* _INSTRUCTIONS FOR THE TASK_
Lines from the one with "Answer: 379.5. What" through the end of the records, and no others, are what the answer should contain, copied exactly; please keep pictures out.

* _RECORDED DATA_
..............................

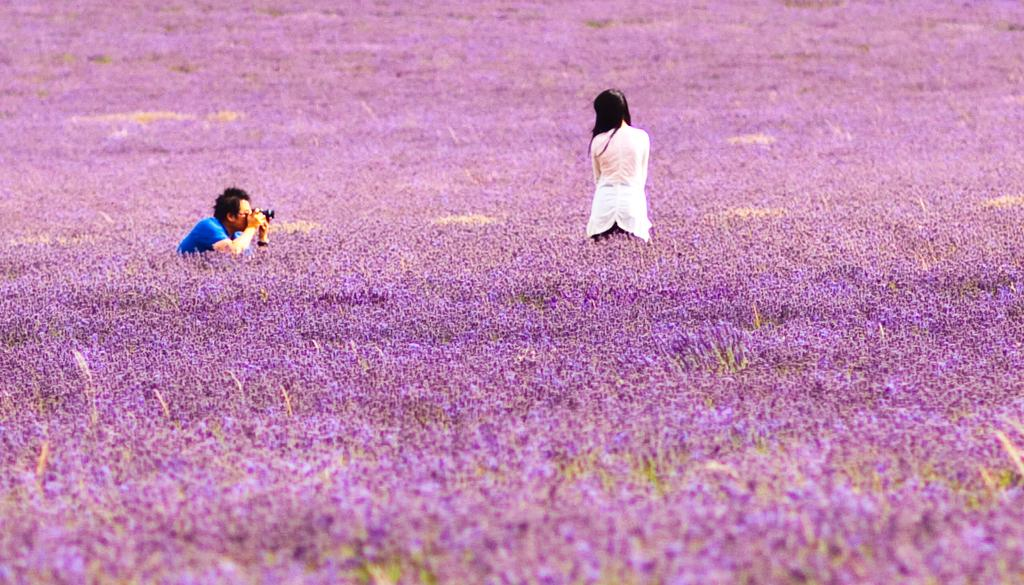How many people are in the image? There are two persons standing in the image. What is one of the persons holding in his hand? One person is holding a camera in his hand. What can be seen in the background of the image? There are flowers visible in the background of the image. How many children are playing in the background of the image? There are no children present in the image; it only features two adults and flowers in the background. Is the person holding the camera a beginner photographer? We cannot determine the person's level of expertise from the image alone, as there is no information provided about their photography skills. 
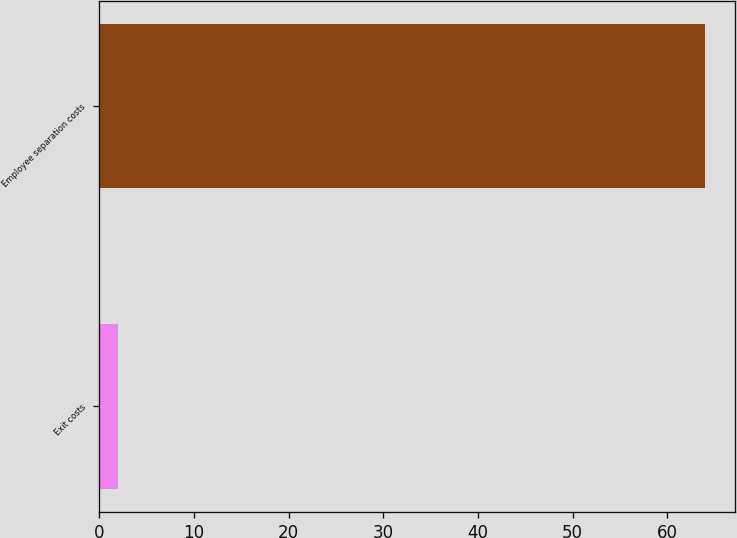Convert chart. <chart><loc_0><loc_0><loc_500><loc_500><bar_chart><fcel>Exit costs<fcel>Employee separation costs<nl><fcel>2<fcel>64<nl></chart> 
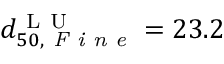<formula> <loc_0><loc_0><loc_500><loc_500>d _ { 5 0 , F i n e } ^ { L U } = 2 3 . 2</formula> 
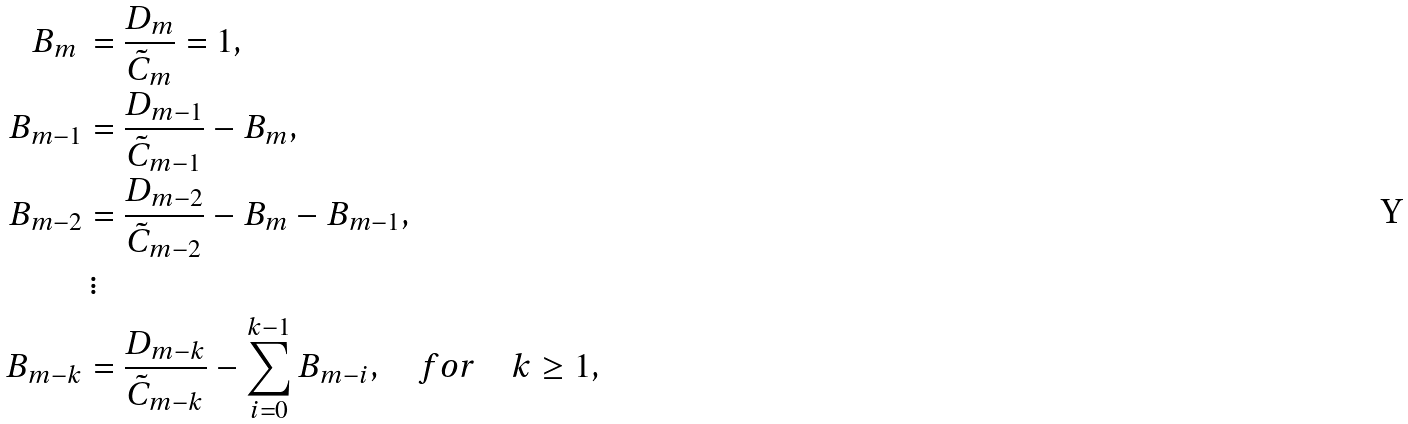<formula> <loc_0><loc_0><loc_500><loc_500>B _ { m } \, & = \frac { D _ { m } } { \tilde { C } _ { m } } = 1 , \\ B _ { m - 1 } & = \frac { D _ { m - 1 } } { \tilde { C } _ { m - 1 } } - B _ { m } , \\ B _ { m - 2 } & = \frac { D _ { m - 2 } } { \tilde { C } _ { m - 2 } } - B _ { m } - B _ { m - 1 } , \\ & \, \vdots \\ B _ { m - k } & = \frac { D _ { m - k } } { \tilde { C } _ { m - k } } - \sum _ { i = 0 } ^ { k - 1 } B _ { m - i } , \quad f o r \quad k \geq 1 ,</formula> 
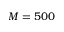<formula> <loc_0><loc_0><loc_500><loc_500>M = 5 0 0</formula> 
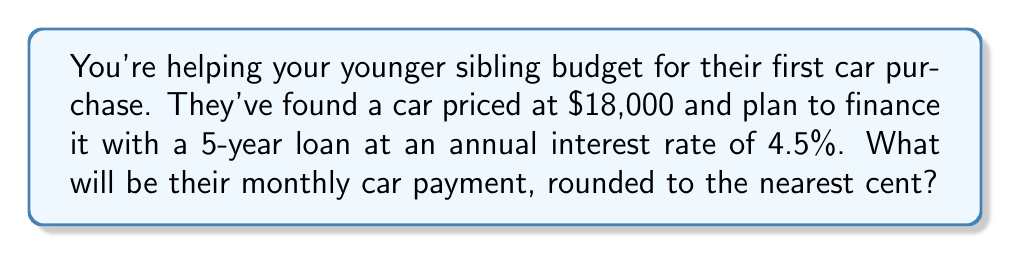Could you help me with this problem? Let's approach this step-by-step using the car loan payment formula:

$$P = \frac{r(PV)}{1-(1+r)^{-n}}$$

Where:
$P$ = Monthly payment
$r$ = Monthly interest rate
$PV$ = Present value (loan amount)
$n$ = Total number of months

1) First, let's organize our given information:
   $PV = $18,000
   Annual interest rate = 4.5% = 0.045
   Loan term = 5 years = 60 months

2) Calculate the monthly interest rate:
   $r = \frac{0.045}{12} = 0.00375$

3) Now, let's plug these values into our formula:

   $$P = \frac{0.00375($18,000)}{1-(1+0.00375)^{-60}}$$

4) Let's solve the denominator first:
   $(1+0.00375)^{-60} = 0.7987$
   $1 - 0.7987 = 0.2013$

5) Now our equation looks like:

   $$P = \frac{0.00375($18,000)}{0.2013} = \frac{67.5}{0.2013}$$

6) Solving this:
   $P = 335.32$

7) Rounding to the nearest cent:
   $P = $335.32$
Answer: $335.32 
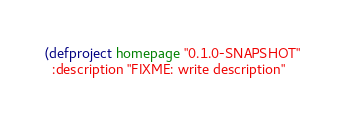<code> <loc_0><loc_0><loc_500><loc_500><_Clojure_>(defproject homepage "0.1.0-SNAPSHOT"
  :description "FIXME: write description"</code> 
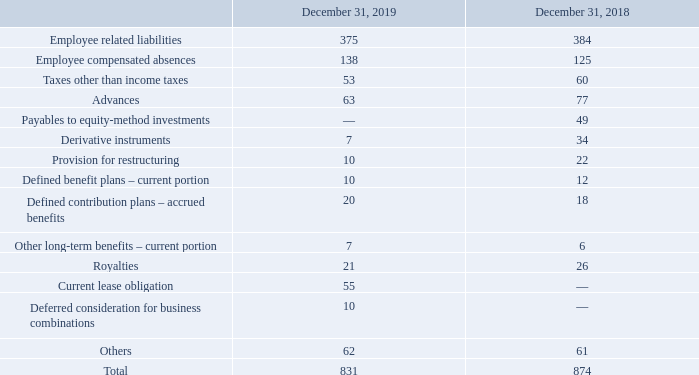Other payables and accrued liabilities consisted of the following:
Derivative instruments are further described in Note 27.
As of December 31, 2019, payables to equity-method investments was nil compared to $49 million as of December 31, 2018, as a result of the wind-down of the joint venture with Ericsson.
On January 1, 2019, the Company adopted the new guidance on lease accounting and the current portion of the lease obligation is now included in other payables and accrued liabilities. The impact of the adoption of this new guidance is further described in Note 11.
Other payables and accrued liabilities also include individually insignificant amounts as of December 31, 2019 and December 31, 2018, presented cumulatively in line “Others”.
How much was the payables to equity-method investments as of December 31, 2018? $49 million. What was the new guideline adopted by the company on January 1, 2019? On january 1, 2019, the company adopted the new guidance on lease accounting and the current portion of the lease obligation is now included in other payables and accrued liabilities. How much was the  payables to equity-method investments as of December 31, 2019? Nil. What is the average Employee related liabilities?
Answer scale should be: million. (375+384) / 2
Answer: 379.5. What is the average Employee compensated absences?
Answer scale should be: million. (138+125) / 2 
Answer: 131.5. What is the average Taxes other than income taxes?
Answer scale should be: million. (53+60) / 2
Answer: 56.5. 
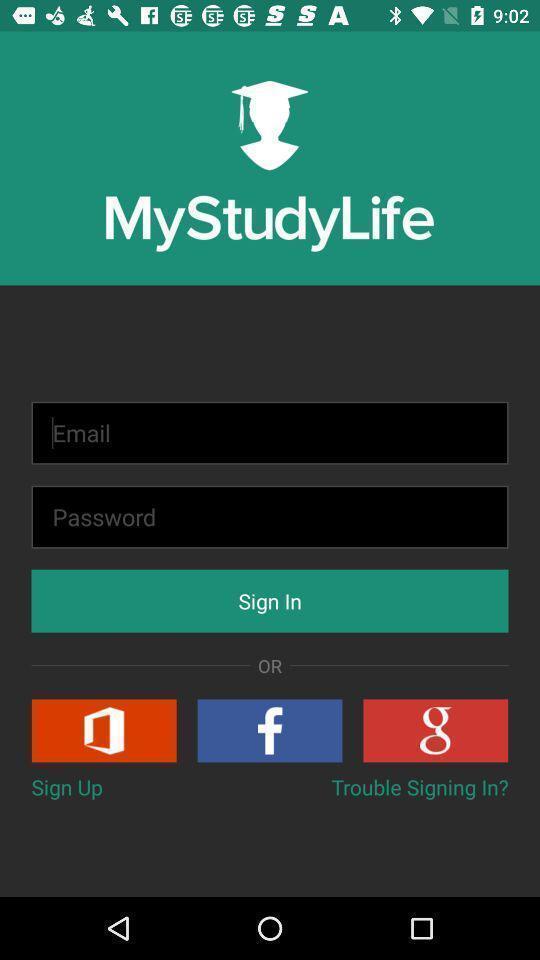Give me a summary of this screen capture. Sign up page of a study app.

..............................

* _ANSWER SPACE_
Answer: 379.5. What is the average Employee compensated absences?
Answer scale should be: million. (138+125) / 2 
Answer: 131.5. What is the average Taxes other than income taxes?
Answer scale should be: million. (53+60) / 2
Answer: 56.5. 
Give me a summary of this screen capture. Sign up page of a study app.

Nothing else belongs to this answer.